Note that while the specification does not define the behavior in such cases, Mbed TLS can be used as a crypto service. It's acceptable if an application can mess itself up, but it is not acceptable if an application can mess up the crypto service. As a consequence, destroying a key while it's in use may violate the security property that all key material is erased as soon as `psa_destroy_key` returns, but it may not cause data corruption or read-after-free inside the key store.
### No spinning
The code must not spin on a potentially non-blocking task. For example, this is proscribed:
```
lock(m);
while (!its_my_turn) {
unlock(m);
lock(m);
}
```
Rationale: this can cause battery drain, and can even be a livelock (spinning forever), e.g. if the thread that might unblock this one has a lower priority.
### Driver requirements
At the time of writing, the driver interface specification does not consider multithreaded environments.
We need to define clear policies so that driver implementers know what to expect. Here are two possible policies at two ends of the spectrum; what is desirable is probably somewhere in between.
* Driver entry points may be called concurrently from multiple threads, even if they're using the same key, and even including destroying a key while an operation is in progress on it.
* At most one driver entry point is active at any given time.
A more reasonable policy could be:
* By default, each driver only has at most one entry point active at any given time. In other words, each driver has its own exclusive lock.
* Drivers have an optional `"thread_safe"` boolean property. If true, it allows concurrent calls to this driver.
* Even with a thread-safe driver, the core never starts the destruction of a key while there are operations in progress on it, and never performs concurrent calls on the same multipart operation.
### Long-term performance requirements
In the short term, correctness is the important thing. We can start with a global lock.
In the medium to long term, performing a slow or blocking operation (for example, a driver call, or an RSA decryption) should not block other threads, even if they're calling the same driver or using the same key object.
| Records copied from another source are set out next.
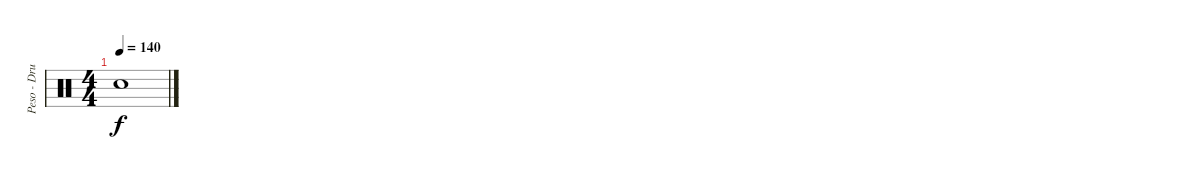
\track ("Peso - Drums" "Peso - Dru") {instrument percussion}
\staff {score}
\articulation defaults
\ts (4 4)
\tempo 140
\clef neutral
\ks c "Snare (hit)"{t}.1{dy f}

We may want to go directly to a more sophisticated approach because when a system works with a global lock, it's typically hard to get rid of it to get more fine-grained concurrency.
### Key destruction long-term requirements
As noted above in [“Correctness out of the box”](#correctness-out-of-the-box), when a key is destroyed, it's ok if `psa_destroy_key` allows copies of the key to live until ongoing operations using the key return. In the long term, it would be good to guarantee that `psa_destroy_key` wipes all copies of the key material.
## Resources to protect
Analysis of the behavior of the PSA key store as of Mbed TLS 9202ba37b19d3ea25c8451fd8597fce69eaa6867.
### Global variables
* `psa_crypto_slot_management::global_data.key_slots[i]`: see [“Key slots”](#key-slots).